::: RECORDS TO USE :::
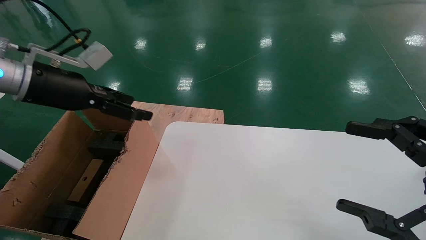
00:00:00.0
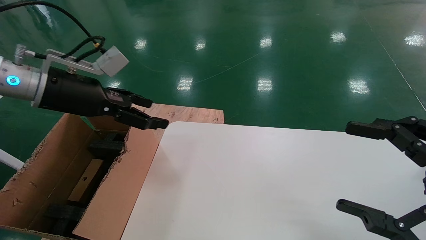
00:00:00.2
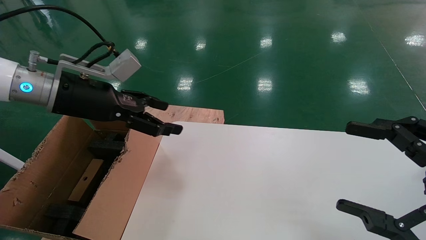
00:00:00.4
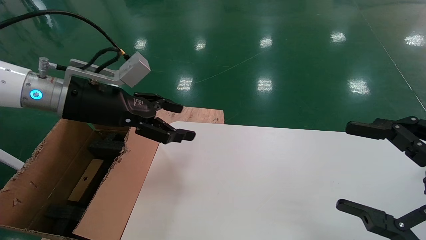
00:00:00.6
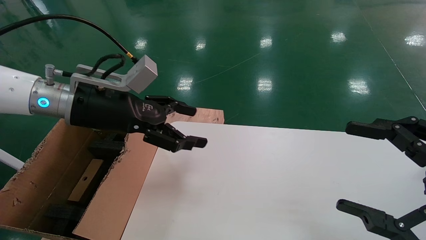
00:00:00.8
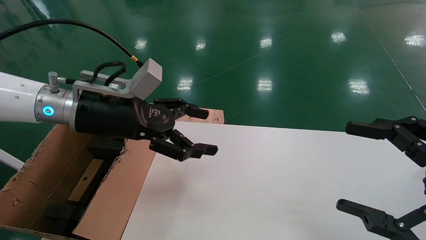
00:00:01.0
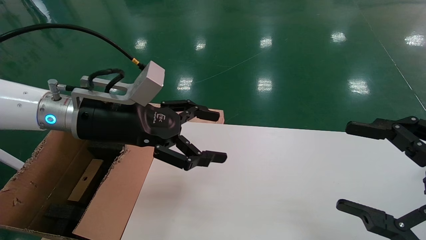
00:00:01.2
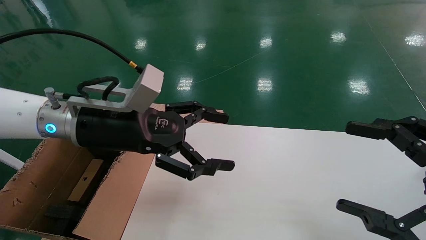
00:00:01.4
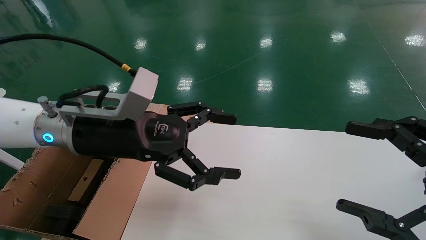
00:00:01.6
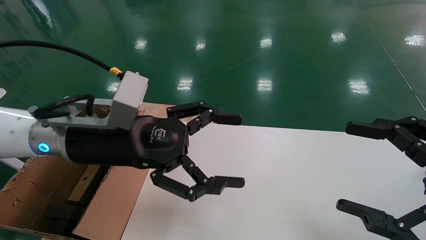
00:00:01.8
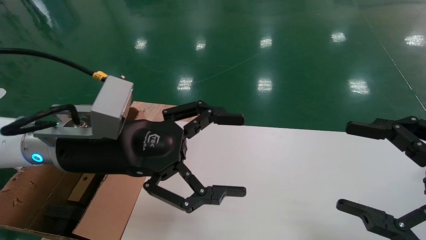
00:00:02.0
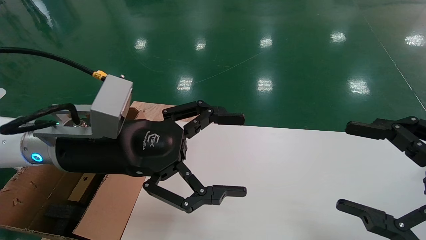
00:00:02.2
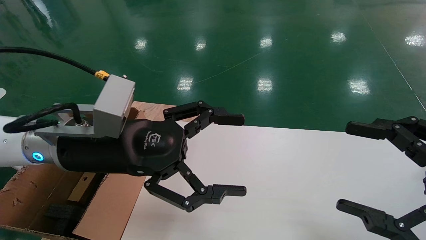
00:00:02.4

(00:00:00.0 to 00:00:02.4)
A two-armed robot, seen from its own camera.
Task of the whole recording: place the small box on the table into the large box on the left.
00:00:00.0 - 00:00:01.2: The left gripper is displaced to the right by about 10 cm.
00:00:01.2 - 00:00:02.4: The left gripper shifts by some 5 cm.
:::
■ TASK INSTRUCTIONS ■
Copy all the lines of data exactly as they appear, dropping any images.

■ EXERCISE ANSWER ■
00:00:00.0
00:00:00.2
00:00:00.4
00:00:00.6
00:00:00.8
00:00:01.0
00:00:01.2
00:00:01.4
00:00:01.6
00:00:01.8
00:00:02.0
00:00:02.2
00:00:02.4

(00:00:00.0 to 00:00:02.4)
A two-armed robot, seen from its own camera.
Task of the whole recording: place the small box on the table into the large box on the left.
00:00:00.0 - 00:00:01.2: The left gripper is displaced to the right by about 10 cm.
00:00:01.2 - 00:00:02.4: The left gripper shifts by some 5 cm.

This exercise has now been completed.